AU NOM DU PEUPLE FRANCAIS
LA COUR DE CASSATION, CHAMBRE COMMERCIALE, FINANCIERE ET ECONOMIQUE, a rendu l'arrêt suivant :
Sur le pourvoi formé par la société Produits Métallurgiques des Savoies (PMS), dont le siège social est ..., en cassation d'un arrêt rendu le 23 mars 1992 par la cour d'appel de Chambéry (chambre civile, 1ère section), au profit de M. Jean-Claude X..., mandataire, demeurant ... Chambéry, agissant en qualité de mandataire liquidateur de la liquidation judiciaire de M. Serge Z..., demeurant ..., fonctions auxquelles il a été nommé par jugement rendu en matière commerciale par le tribunal de grande instance d'Albertville le 30 septembre 1988, défendeur à la cassation ;
La demanderesse invoque, à l'appui de son pourvoi, le moyen unique de cassation annexé au présent arrêt :
LA COUR, composée selon l'article L. 131-6, alinéa 2, du Code de l'organisation judiciaire, en l'audience publique du 5 janvier 1994, où étaient présents :
M. Bézard, président, M. Lassalle, conseiller rapporteur, Mme Pasturel, conseiller, M. Curti, avocat général, Mme Arnoux, greffier de chambre ;
Sur le rapport de M. le conseiller Lassalle, les observations de Me de Nervo, avocat de la société Produits Métallurgiques des Savoies, de la SCP Peignot et Garreau, avocat de M. X..., ès qualités, les conclusions de M.

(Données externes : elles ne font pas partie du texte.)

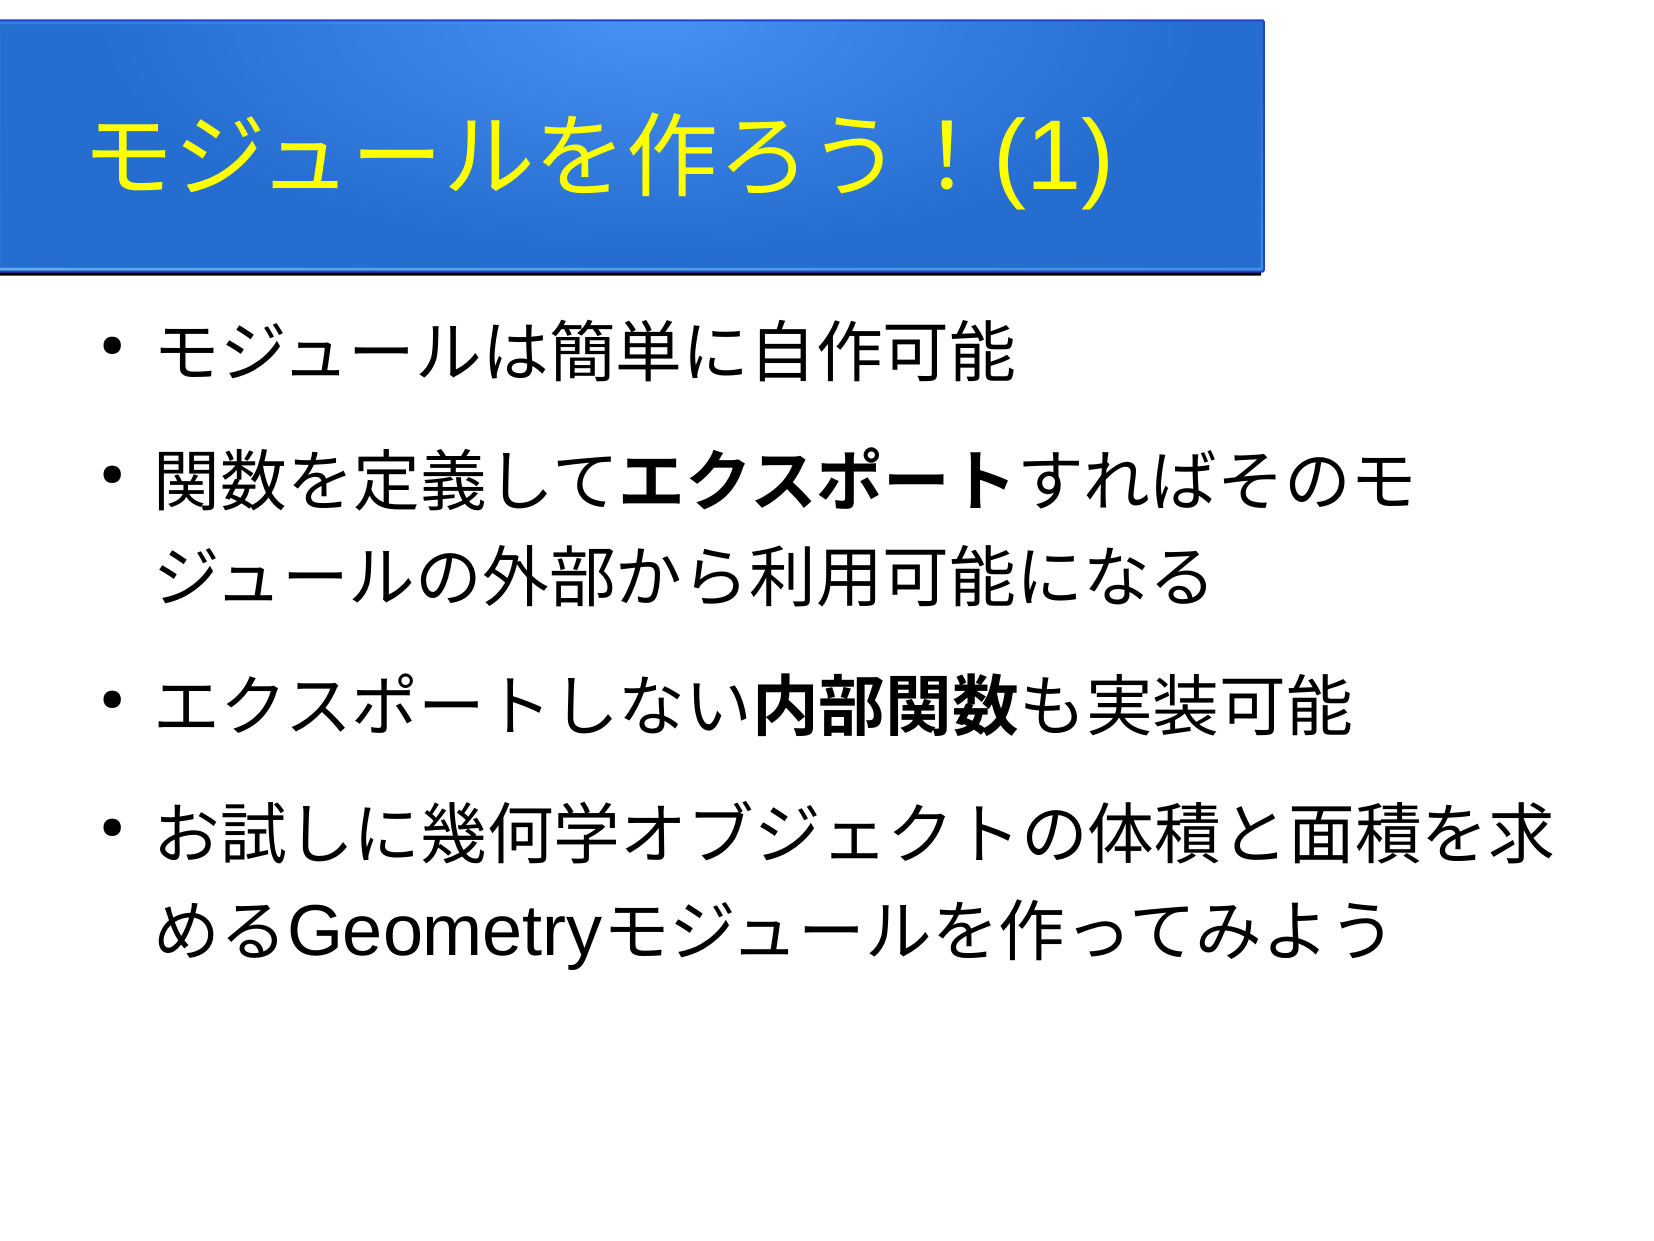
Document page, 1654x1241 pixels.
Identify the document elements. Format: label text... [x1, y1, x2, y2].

title モジュールを作ろう！(1) [82, 47, 1235, 252]
list モジュールは簡単に自作可能 関数を定義してエクスポートすればそのモジュールの外部から利用可能になる エクスポートしない内部関数も実装可能 お試しに幾何学オブジェクトの体積と面積を求めるGeometryモジュールを作ってみよう [82, 299, 1571, 1099]
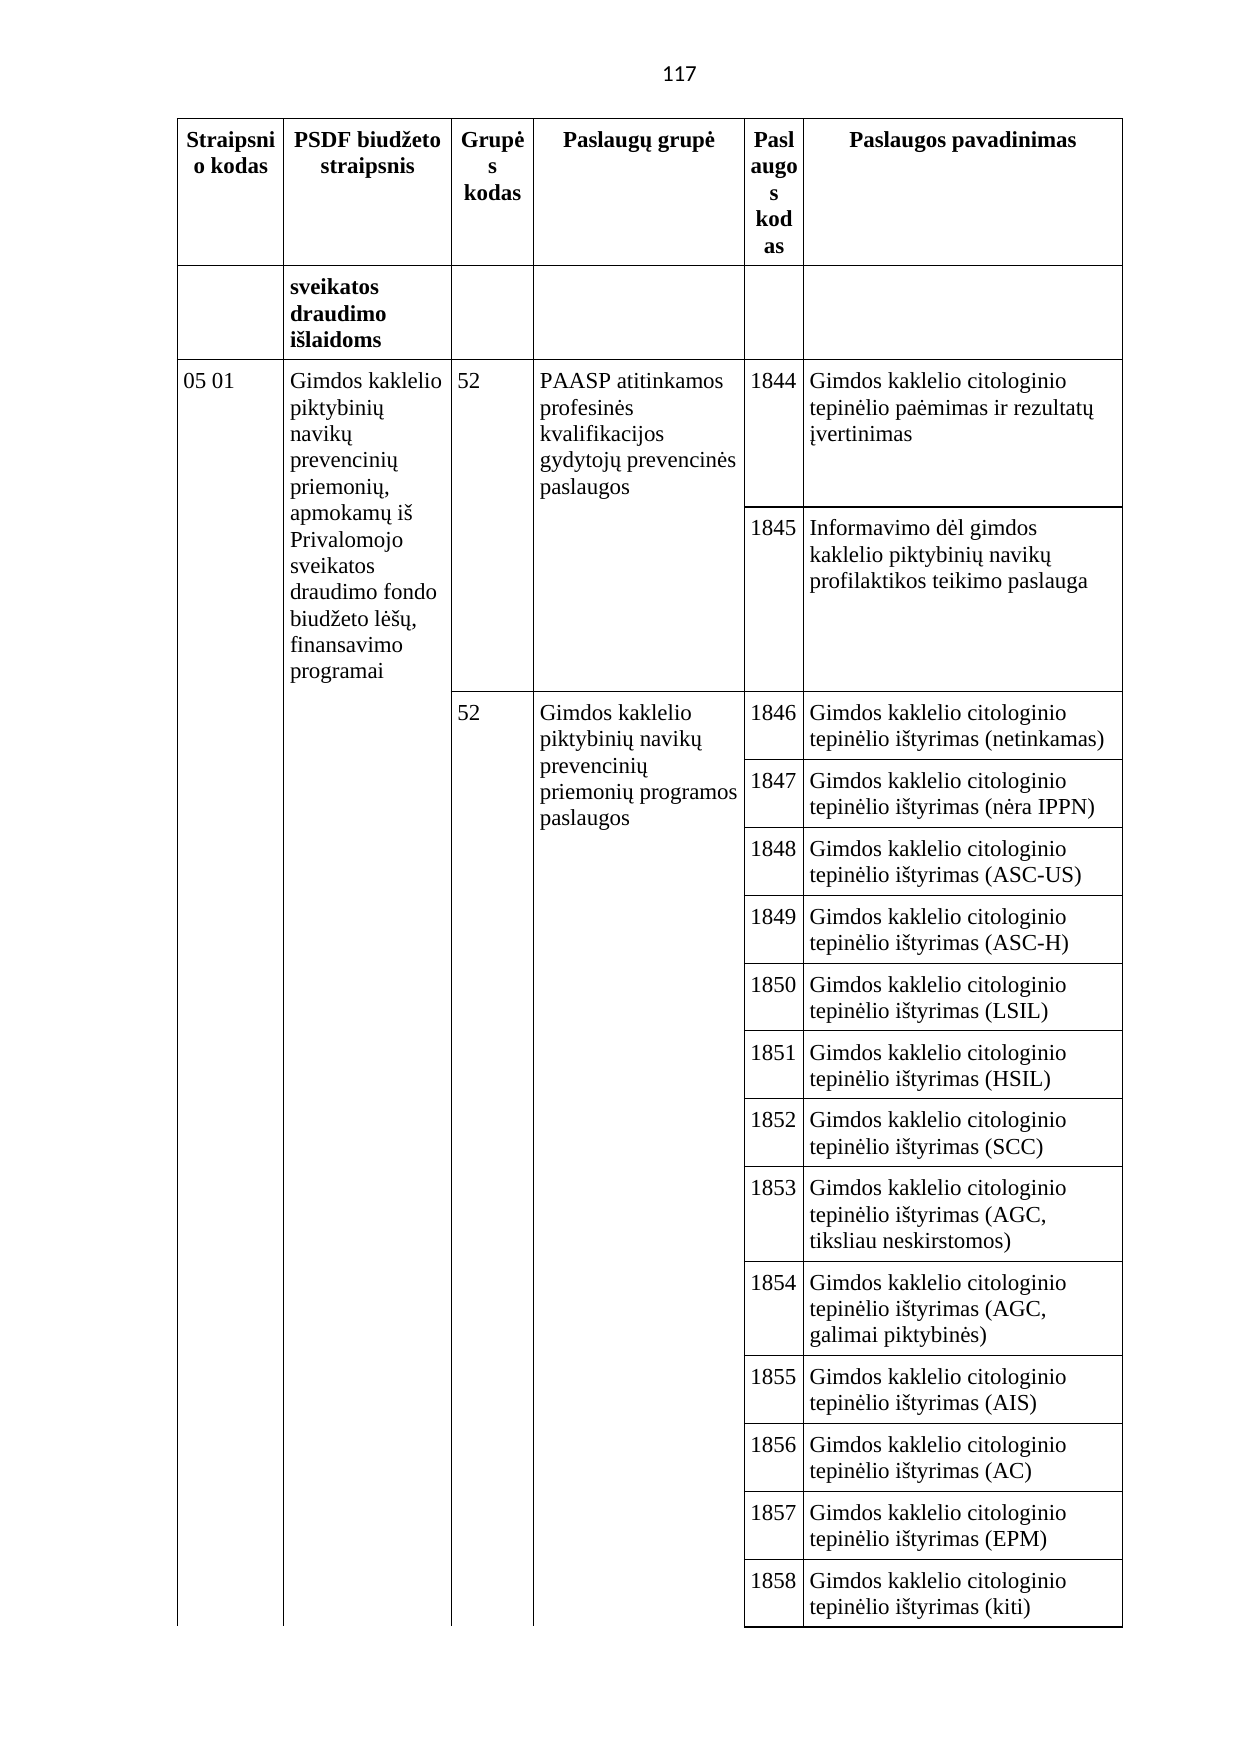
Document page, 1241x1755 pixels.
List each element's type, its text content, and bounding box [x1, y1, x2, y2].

table_cell [534, 506, 744, 691]
table_cell [452, 266, 533, 359]
table_cell [534, 266, 744, 359]
table_cell [534, 1423, 744, 1491]
table_cell [534, 1098, 744, 1166]
table_cell Gimdos kaklelio citologinio tepinėlio ištyrimas (AC) [804, 1424, 1122, 1491]
table_header Paslaugų grupė [534, 119, 744, 265]
table_cell Gimdos kaklelio citologinio tepinėlio paėmimas ir rezultatų įvertinimas [804, 360, 1122, 506]
table_cell 1847 [745, 760, 803, 827]
table_cell [178, 266, 283, 359]
table_cell 1850 [745, 964, 803, 1030]
table_cell [178, 1098, 283, 1166]
table_header Grupės kodas [452, 119, 533, 265]
table_cell [178, 1030, 283, 1098]
table_cell Gimdos kaklelio citologinio tepinėlio ištyrimas (AGC, tiksliau neskirstomos) [804, 1167, 1122, 1261]
table_cell [284, 1559, 451, 1626]
table_cell Gimdos kaklelio citologinio tepinėlio ištyrimas (netinkamas) [804, 692, 1122, 759]
table_header Paslaugos pavadinimas [804, 119, 1122, 265]
table_cell 1846 [745, 692, 803, 759]
table_header Straipsnio kodas [178, 119, 283, 265]
table_cell [178, 827, 283, 894]
table_cell [284, 1423, 451, 1491]
table_cell 1858 [745, 1560, 803, 1626]
table_cell 1856 [745, 1424, 803, 1491]
table_cell sveikatos draudimo išlaidoms [284, 266, 451, 359]
table_cell 1845 [745, 508, 803, 691]
table_cell 1854 [745, 1262, 803, 1355]
table_cell [284, 1098, 451, 1166]
table_cell 1853 [745, 1167, 803, 1261]
table_cell [178, 1261, 283, 1355]
table_cell [452, 1491, 533, 1558]
table_cell [452, 1166, 533, 1261]
table_cell Informavimo dėl gimdos kaklelio piktybinių navikų profilaktikos teikimo paslauga [804, 508, 1122, 691]
table_cell [284, 1166, 451, 1261]
table_cell [534, 1261, 744, 1355]
table_cell [178, 1559, 283, 1626]
table_cell [178, 759, 283, 827]
table_cell Gimdos kaklelio piktybinių navikų prevencinių priemonių programos paslaugos [534, 692, 744, 894]
table_cell [178, 895, 283, 962]
table_cell [284, 1355, 451, 1423]
table_cell [745, 266, 803, 359]
table_cell 1855 [745, 1356, 803, 1423]
table_cell [452, 759, 533, 827]
table_cell [178, 1491, 283, 1558]
table_cell [452, 506, 533, 691]
table_cell [452, 895, 533, 962]
table_cell Gimdos kaklelio citologinio tepinėlio ištyrimas (LSIL) [804, 964, 1122, 1030]
table_cell [178, 1355, 283, 1423]
table_cell [452, 1559, 533, 1626]
table_cell Gimdos kaklelio citologinio tepinėlio ištyrimas (kiti) [804, 1560, 1122, 1626]
table_cell 1851 [745, 1031, 803, 1098]
table_cell 1857 [745, 1492, 803, 1558]
table_cell 52 [452, 360, 533, 506]
table_cell Gimdos kaklelio citologinio tepinėlio ištyrimas (AGC, galimai piktybinės) [804, 1262, 1122, 1355]
table_cell [452, 963, 533, 1030]
table_cell Gimdos kaklelio citologinio tepinėlio ištyrimas (SCC) [804, 1099, 1122, 1166]
table_cell [534, 1355, 744, 1423]
table_cell [534, 1030, 744, 1098]
table_header Paslaugos kodas [745, 119, 803, 265]
table_cell [452, 1355, 533, 1423]
table_cell [284, 963, 451, 1030]
table_cell [284, 895, 451, 962]
table_cell Gimdos kaklelio citologinio tepinėlio ištyrimas (HSIL) [804, 1031, 1122, 1098]
table_cell 52 [452, 692, 533, 759]
table_cell [452, 1261, 533, 1355]
table_cell [284, 691, 451, 759]
table_cell [452, 827, 533, 894]
table_cell [804, 266, 1122, 359]
table_cell [534, 895, 744, 962]
table_cell Gimdos kaklelio citologinio tepinėlio ištyrimas (AIS) [804, 1356, 1122, 1423]
table_cell [452, 1423, 533, 1491]
table_cell 1848 [745, 828, 803, 894]
table_cell [284, 1261, 451, 1355]
table_cell [452, 1098, 533, 1166]
table_cell [534, 1559, 744, 1626]
table_cell [534, 1166, 744, 1261]
table_cell PAASP atitinkamos profesinės kvalifikacijos gydytojų prevencinės paslaugos [534, 360, 744, 506]
table_cell [178, 1423, 283, 1491]
table_cell [534, 1491, 744, 1558]
table_cell 1849 [745, 896, 803, 962]
table_cell [178, 506, 283, 691]
table_cell [284, 827, 451, 894]
table_cell Gimdos kaklelio citologinio tepinėlio ištyrimas (ASC-H) [804, 896, 1122, 962]
table_cell [178, 1166, 283, 1261]
table_cell [284, 1491, 451, 1558]
table_cell Gimdos kaklelio citologinio tepinėlio ištyrimas (nėra IPPN) [804, 760, 1122, 827]
table_cell [534, 963, 744, 1030]
table_cell [452, 1030, 533, 1098]
table_cell 1844 [745, 360, 803, 506]
table_cell Gimdos kaklelio citologinio tepinėlio ištyrimas (ASC-US) [804, 828, 1122, 894]
table_cell [178, 963, 283, 1030]
table_header PSDF biudžeto straipsnis [284, 119, 451, 265]
table_cell [178, 691, 283, 759]
table_cell [284, 759, 451, 827]
table_cell Gimdos kaklelio citologinio tepinėlio ištyrimas (EPM) [804, 1492, 1122, 1558]
table_cell Gimdos kaklelio piktybinių navikų prevencinių priemonių, apmokamų iš Privalomojo sveikatos draudimo fondo biudžeto lėšų, finansavimo programai [284, 360, 451, 691]
table_cell 1852 [745, 1099, 803, 1166]
table_cell 05 01 [178, 360, 283, 506]
table_cell [284, 1030, 451, 1098]
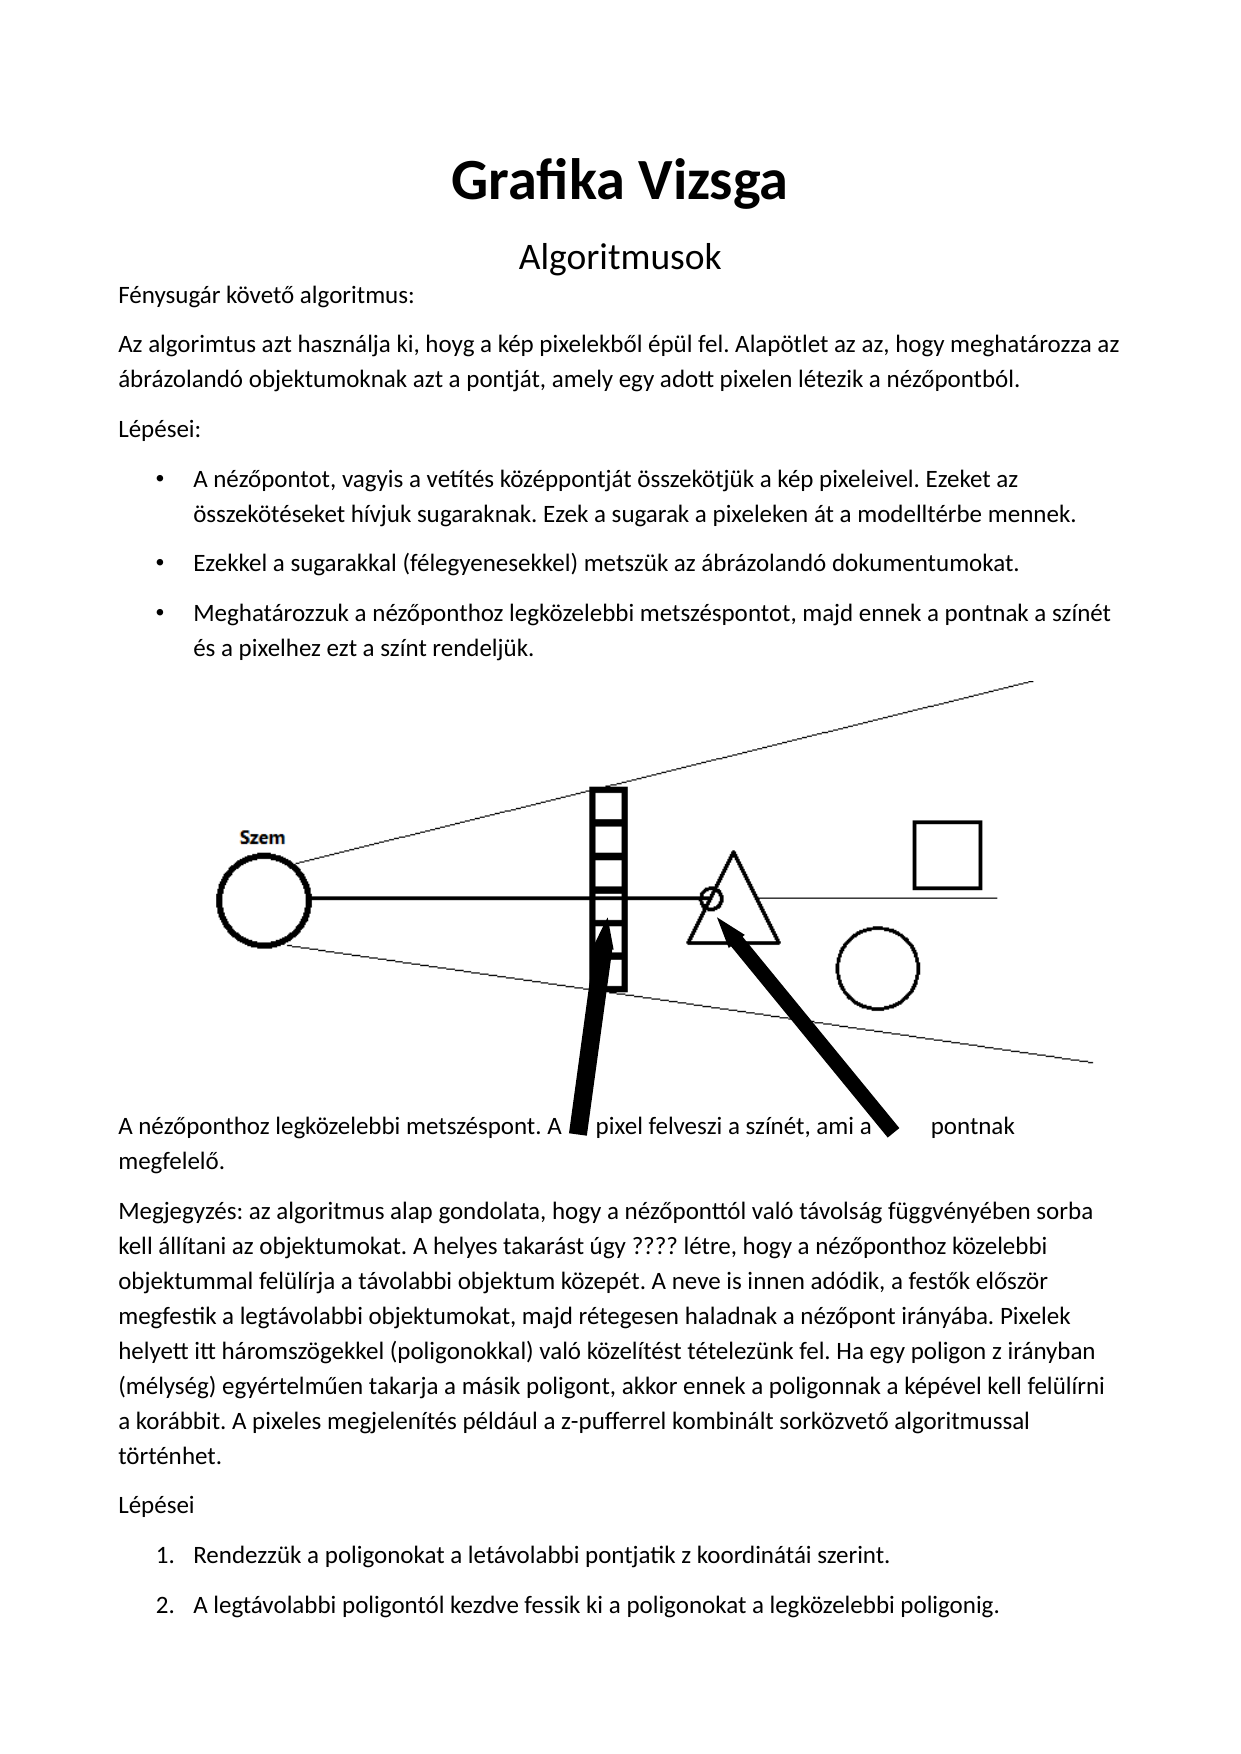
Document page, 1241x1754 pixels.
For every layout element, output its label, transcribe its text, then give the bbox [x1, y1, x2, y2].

subtitle Algoritmusok [118, 233, 1122, 279]
text Fénysugár követő algoritmus: [118, 279, 1122, 309]
text Lépései: [118, 413, 1122, 444]
title Grafika Vizsga [118, 143, 1122, 214]
text Az algorimtus azt használja ki, hoyg a kép pixelekből épül fel. Alapötlet az az, hogy meghatározza az ábrázolandó objektumoknak azt a pontját, amely egy adott pixelen létezik a nézőpontból. [118, 328, 1122, 394]
text A nézőponthoz legközelebbi metszéspont. A pixel felveszi a színét, ami a pontnak megfelelő. [118, 1111, 1122, 1176]
list Rendezzük a poligonokat a letávolabbi pontjatik z koordinátái szerint. [156, 1539, 1122, 1570]
list Ezekkel a sugarakkal (félegyenesekkel) metszük az ábrázolandó dokumentumokat. [156, 547, 1122, 578]
list A legtávolabbi poligontól kezdve fessik ki a poligonokat a legközelebbi poligonig. [156, 1589, 1122, 1619]
list A nézőpontot, vagyis a vetítés középpontját összekötjük a kép pixeleivel. Ezeket az összekötéseket hívjuk sugaraknak. Ezek a sugarak a pixeleken át a modelltérbe mennek. [156, 463, 1122, 528]
list Meghatározzuk a nézőponthoz legközelebbi metszéspontot, majd ennek a pontnak a színét és a pixelhez ezt a színt rendeljük. [156, 597, 1122, 662]
picture [118, 681, 1123, 1092]
text Megjegyzés: az algoritmus alap gondolata, hogy a nézőponttól való távolság függvényében sorba kell állítani az objektumokat. A helyes takarást úgy ???? létre, hogy a nézőponthoz közelebbi objektummal felülírja a távolabbi objektum közepét. A neve is innen adódik, a festők először megfestik a legtávolabbi objektumokat, majd rétegesen haladnak a nézőpont irányába. Pixelek helyett itt háromszögekkel (poligonokkal) való közelítést tételezünk fel. Ha egy poligon z irányban (mélység) egyértelműen takarja a másik poligont, akkor ennek a poligonnak a képével kell felülírni a korábbit. A pixeles megjelenítés például a z-pufferrel kombinált sorközvető algoritmussal történhet. [118, 1195, 1122, 1471]
text Lépései [118, 1490, 1122, 1520]

Y..., avocat général, et après en avoir délibéré conformément à la loi ;
Sur le moyen unique :
Vu l'article 107-4 de la loi du 25 janvier 1985 ;
Attendu, selon l'arrêt attaqué, que M. Z..., entrepreneur de bâtiments et travaux publics a, par acte sous seing privé du 10 août 1988, cédé à la société Produits Métallurgiques des Savoies, en paiement de fournitures impayées, une créance qu'il détenait sur la société ABC Immobilier ; que M. Z... a été mis le 13 septembre 1988 en redressement judiciaire et, par la suite, en liquidation judiciaire ; que la date de cessation des paiements a été fixée au 1er juillet 1988 ;
Attendu que pour déclarer nulle cette cession, consentie en période suspecte, l'arrêt énonce que la cession de créance ne constitue pas un mode de paiement communément admis dans les relations d'affaires, et retient que la cession litigieuse était d'autant plus anormale qu'elle n'était pas prévue par les contrats de livraison ;
Attendu qu'en se déterminant ainsi, sans rechercher si dans les relations d'affaires du secteur professionnel de la construction considéré, le paiement des fournisseurs par la cession de créances que l'entrepreneur détient sur des tiers n'est pas communément admise, peu important qu'une telle cession n'ait pas été prévue dès l'origine par les parties, la cour d'appel n'a pas donné de base légale à sa décision ;
PAR CES MOTIFS :
CASSE ET ANNULE, dans toutes ses dispositions, l'arrêt rendu le 23 mars 1992, entre les parties, par la cour d'appel de Chambéry ;
remet, en conséquence, la cause et les parties dans l'état où elles se trouvaient avant ledit arrêt et, pour être fait droit, les renvoie devant la cour d'appel de Grenoble ;
REJETTE la demande présentée par la société PMS sur le fondement de l'article 700 du nouveau Code de procédure civile ;
Condamne M. X..., ès qualités, envers la société Produits Métallurgiques des Savoies, aux dépens et aux frais d'exécution du présent arrêt ;
Ordonne qu'à la diligence de M. le procureur général près la Cour de Cassation, le présent arrêt sera transmis pour être transcrit sur les registres de la cour d'appel de Chambéry, en marge ou à la suite de l'arrêt annulé ;
Ainsi fait et jugé par la Cour de Cassation, Chambre commerciale, financière et économique, et prononcé par M. le président en son audience publique du vingt deux février mil neuf cent quatre-vingt-quatorze.